0

We are facing memory issues while implementing scikit learn's DBSCAN for 0.7 million data points with 2 columns (latitude and longitude).

We also tried changing epsilon values to small numbers and reducing the number of minimum required points for cluster.

import pandas as pd, numpy as np, matplotlib.pyplot as plt, time
from sklearn.cluster import DBSCAN
from sklearn import metrics
from geopy.distance import great_circle
from shapely.geometry import MultiPoint
%matplotlib inline

kms_per_radian = 6371.0088

df = pd.read_csv('data/xxxxxxxxx.csv', encoding='utf-8')

// represent points consistently as (lat, lon).

coords = df.as_matrix(columns=['lat', 'lon'])

// define epsilon as 1.5 kilometers, converted to radians for use by haversine.

epsilon = 1.5 / kms_per_radian



db = DBSCAN(eps=epsilon, min_samples=1, algorithm='ball_tree', metric='haversine').fit(np.radians(coords))

Kernel killed automatically.

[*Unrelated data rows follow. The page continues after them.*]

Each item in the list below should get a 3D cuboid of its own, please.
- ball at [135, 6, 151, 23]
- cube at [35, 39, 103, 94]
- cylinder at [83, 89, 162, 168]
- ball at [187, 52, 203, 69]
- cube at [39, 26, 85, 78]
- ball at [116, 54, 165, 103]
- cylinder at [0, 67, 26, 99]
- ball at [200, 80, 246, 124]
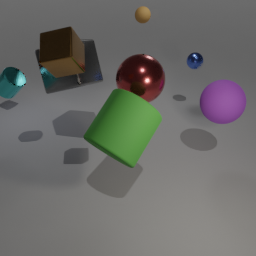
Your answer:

Please suggest ways to optimize the code.

HK boy
  • 1,398
  • 11
  • 17
  • 25
  • 2
    Possible duplicate of [scikit-learn DBSCAN memory usage](https://stackoverflow.com/questions/16381577/scikit-learn-dbscan-memory-usage) – PV8 Jun 06 '19 at 11:43
  • find the answer here: https://stackoverflow.com/questions/16381577/scikit-learn-dbscan-memory-usage – PV8 Jun 06 '19 at 11:44

1 Answers1

0

DBScan pre-computes the full O(n^2) distance matrix. Possible solution is to play around and decrease your eps value.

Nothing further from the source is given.